Ein Zeitgenosse schrieb 1842: „Dieser unser Streck [ein populärer Militärmusiker] hat also die Idee der Maskenbälle aufgefaßt und sie auf eigene Kosten vom Hoftheater ins Odeon verpflanzt. Auf erhabenem Orchester spielt er da seine Walzer, seine Polkas und Galoppaden, und unten in der Prachthalle tanzen die Jungen und die Mädchen fröhlich auf glattem Boden. Die Damen sind wohl alle und von dem Männervolke wenigstens die Tanzenden aus jenen Klassen, die man in der feineren Gesellschaft vermißt“ (zit. nach V. Laturell, Volkskultur in München, München 1997, S. 272).
Ein Zeitgenosse schrieb 1842: „Dieser unser Streck [ein populärer Militärmusiker] hat also die Idee der Maskenbälle aufgefaßt und sie auf eigene Kosten vom Hoftheater ins Odeon verpflanzt. Auf erhabenem Orchester spielt er da seine Walzer, seine Polkas und Galoppaden, und unten in der Prachthalle tanzen die Jungen und die Mädchen fröhlich auf glattem Boden.

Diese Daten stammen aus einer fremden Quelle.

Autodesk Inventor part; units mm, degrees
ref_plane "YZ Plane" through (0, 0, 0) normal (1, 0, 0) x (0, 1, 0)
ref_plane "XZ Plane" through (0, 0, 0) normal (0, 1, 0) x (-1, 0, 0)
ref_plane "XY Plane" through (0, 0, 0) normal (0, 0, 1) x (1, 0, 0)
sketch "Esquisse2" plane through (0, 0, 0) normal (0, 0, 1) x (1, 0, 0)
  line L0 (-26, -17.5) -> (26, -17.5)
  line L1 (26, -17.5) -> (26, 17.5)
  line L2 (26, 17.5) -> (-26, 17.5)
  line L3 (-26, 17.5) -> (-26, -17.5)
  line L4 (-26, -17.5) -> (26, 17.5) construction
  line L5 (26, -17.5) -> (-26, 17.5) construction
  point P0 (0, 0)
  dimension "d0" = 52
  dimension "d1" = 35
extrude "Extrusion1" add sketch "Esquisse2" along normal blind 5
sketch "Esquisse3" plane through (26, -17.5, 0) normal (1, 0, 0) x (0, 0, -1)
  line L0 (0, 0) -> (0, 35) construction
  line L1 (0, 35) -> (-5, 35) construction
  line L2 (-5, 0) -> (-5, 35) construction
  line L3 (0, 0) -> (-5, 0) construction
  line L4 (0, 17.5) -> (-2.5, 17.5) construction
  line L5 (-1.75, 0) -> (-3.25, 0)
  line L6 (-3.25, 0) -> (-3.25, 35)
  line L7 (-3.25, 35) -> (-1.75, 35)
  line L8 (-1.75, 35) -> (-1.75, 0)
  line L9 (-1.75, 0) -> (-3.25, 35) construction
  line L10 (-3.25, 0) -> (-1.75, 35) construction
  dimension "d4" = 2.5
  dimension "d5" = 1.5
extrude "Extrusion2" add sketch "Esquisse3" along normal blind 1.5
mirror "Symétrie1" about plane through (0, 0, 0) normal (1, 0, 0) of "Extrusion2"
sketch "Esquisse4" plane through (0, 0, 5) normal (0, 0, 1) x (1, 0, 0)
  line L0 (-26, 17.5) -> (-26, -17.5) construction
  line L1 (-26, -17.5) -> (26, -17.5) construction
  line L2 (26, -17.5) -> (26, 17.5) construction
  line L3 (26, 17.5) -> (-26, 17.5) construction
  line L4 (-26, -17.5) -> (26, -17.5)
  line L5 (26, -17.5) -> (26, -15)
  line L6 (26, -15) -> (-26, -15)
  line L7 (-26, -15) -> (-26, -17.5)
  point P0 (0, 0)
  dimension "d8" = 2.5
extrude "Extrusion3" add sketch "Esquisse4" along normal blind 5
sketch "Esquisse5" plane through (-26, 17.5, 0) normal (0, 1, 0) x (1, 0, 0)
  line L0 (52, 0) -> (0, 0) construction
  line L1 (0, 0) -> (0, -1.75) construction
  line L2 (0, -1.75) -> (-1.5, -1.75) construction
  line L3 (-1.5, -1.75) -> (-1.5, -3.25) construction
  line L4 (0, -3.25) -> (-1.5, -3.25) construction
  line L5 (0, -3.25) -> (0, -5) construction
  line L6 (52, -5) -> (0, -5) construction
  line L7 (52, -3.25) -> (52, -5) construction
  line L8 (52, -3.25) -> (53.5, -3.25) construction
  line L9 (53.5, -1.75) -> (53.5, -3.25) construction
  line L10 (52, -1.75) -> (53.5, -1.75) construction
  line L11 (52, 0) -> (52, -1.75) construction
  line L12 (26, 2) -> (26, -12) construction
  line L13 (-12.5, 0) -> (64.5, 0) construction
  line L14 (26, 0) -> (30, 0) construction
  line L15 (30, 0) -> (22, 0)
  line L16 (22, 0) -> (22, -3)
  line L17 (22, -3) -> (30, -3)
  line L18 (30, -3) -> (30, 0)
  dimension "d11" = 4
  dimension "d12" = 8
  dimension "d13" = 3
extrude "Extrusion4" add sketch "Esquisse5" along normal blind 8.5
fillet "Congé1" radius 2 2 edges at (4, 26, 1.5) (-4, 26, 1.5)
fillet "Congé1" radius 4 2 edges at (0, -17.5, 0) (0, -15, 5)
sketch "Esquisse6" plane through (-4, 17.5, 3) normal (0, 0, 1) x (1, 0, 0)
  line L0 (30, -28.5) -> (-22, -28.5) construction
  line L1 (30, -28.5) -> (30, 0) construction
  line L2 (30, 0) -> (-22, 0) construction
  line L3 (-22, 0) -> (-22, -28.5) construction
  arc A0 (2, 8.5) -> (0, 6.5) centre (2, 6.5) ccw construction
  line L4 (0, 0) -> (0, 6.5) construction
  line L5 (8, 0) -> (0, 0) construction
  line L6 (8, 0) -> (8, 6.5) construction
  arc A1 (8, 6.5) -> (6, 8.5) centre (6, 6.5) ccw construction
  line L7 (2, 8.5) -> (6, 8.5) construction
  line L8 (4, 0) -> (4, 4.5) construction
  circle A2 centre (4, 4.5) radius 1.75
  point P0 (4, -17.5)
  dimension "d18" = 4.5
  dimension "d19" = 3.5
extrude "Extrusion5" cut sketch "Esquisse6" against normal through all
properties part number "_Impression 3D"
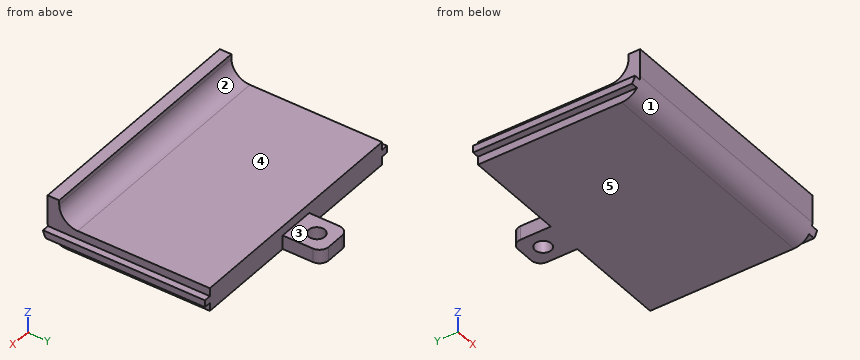
Design review of the part built by this model. Coordinates are the model's own, in mm. Face numbers are marked on the shaded views. A direction names the side the tool comes from. Give positions to 0.01 mm unless a question says otherwise; leave off trailing zeros. Order: outer loops, then holes, each group sorted by start corner. A loop starts at its lowest first (then second) coordinate and runs counter-clockwise, first axis right, second up. Notation, with made-up numbers: (-6, 42.25) - (47, 42.25) arc R36 ccw to (47, 80.25) - close; hole circle Ø8 at (-7.5, 19). An arc over 180 degrees is marked (long way). Use a Markdown table: item, result. Add a question column.
(1) Add section A-A on y = 22. Give the boundary of the cut face in (x, z).
(2) Wall thickness on probe 1 along Z at (x, y) = (6, -2.5); probe 2 along X at (y, z) = (-4.5, 4); probe 3 along Y at (x, z) = (-5.5, 3.25): over which ranges is each line inside the solid? List them lowest first. Write a range as [from, to].
(3) Mouldability with a two-part tool opening along Y and no side actions: class the marked faces 1, 2 and 3 as +Y half, -Y half, draft (parallel to the pull), parting line (faces both ways), or undercut.
(4) Add section B-B on x = 0. Give the boundary of the cut face in (y, z), then the cut area to 4 significant figures.
(5) Machinability: for the marked faces 4 and 5, which of the approach directions +Z, -Z, +X, -X, +Y, -Y give a long, thin tool a straight path to every point of the face, cutting with its end or side? Answer none if there is none.
(6) Add section D-D on z = 6.25. Give the boundary of the cut face in (x, y).
(7) Clearance check with flat-ended pins moving along their axes: P1, Ø2, axis at x = -5, z = 7.5, coming from the +Y side; P2, Ø1.5, axis at x = -6, z = 3, coming from the +Y side; P3, Ø0.9, axis at y = -1.5, z = 0.5, coming from the +X side. State where each tip first meets the part, or that it passes through.
(8) Add section C-C on y = -9. Give the boundary of the cut face in (x, z), then the cut area to 4 significant figures.
Report:
| question | item | result |
|---|---|---|
| 1 | outline | (-4, 0) - (-1.75, 0) - (-1.75, 3) - (-4, 3) - close; (1.75, 0) - (4, 0) - (4, 3) - (1.75, 3) - close |
| 2 | probe 1 | z = [0, 5] |
| 2 | probe 2 | x = [-26, 26] |
| 2 | probe 3 | y = [-17.43, 17.5] |
| 3 | face 1 | -Y half |
| 3 | face 2 | +Y half |
| 3 | face 3 | draft |
| 4 | outline | (-17.5, 4) arc R4 ccw to (-13.5, 0) - (20.25, 0) - (20.25, 3) - (17.5, 3) - (17.5, 5) - (-11, 5) arc R4 cw to (-15, 9) - (-15, 10) - (-17.5, 10) - close; (23.75, 0) - (26, 0) - (26, 3) - (23.75, 3) - close |
| 4 | area | 202.5 mm² |
| 5 | face 4 | +Z, +X, -X, +Y |
| 5 | face 5 | -Z, +X, -X, +Y, -Y |
| 6 | outline | (-26, -17.5) - (26, -17.5) - (26, -13.9) - (-26, -13.9) - close |
| 7 | P1 | stops at y = -14.12 |
| 7 | P2 | stops at y = 17.5 |
| 7 | P3 | stops at x = 26 |
| 8 | outline | (-27.5, 1.75) - (-26, 1.75) - (-26, 0) - (26, 0) - (26, 1.75) - (27.5, 1.75) - (27.5, 3.25) - (26, 3.25) - (26, 5) - (-26, 5) - (-26, 3.25) - (-27.5, 3.25) - close |
| 8 | area | 264.5 mm² |

Die Damen sind wohl alle und von dem Männervolke wenigstens die Tanzenden aus jenen Klassen, die man in der feineren Gesellschaft vermißt“ (zit. nach V. Laturell, Volkskultur in München, München 1997, S. 272).
Da sehen wir uns doch in diesem Sinne im Werksviertel in vornehmer Gesellschaft!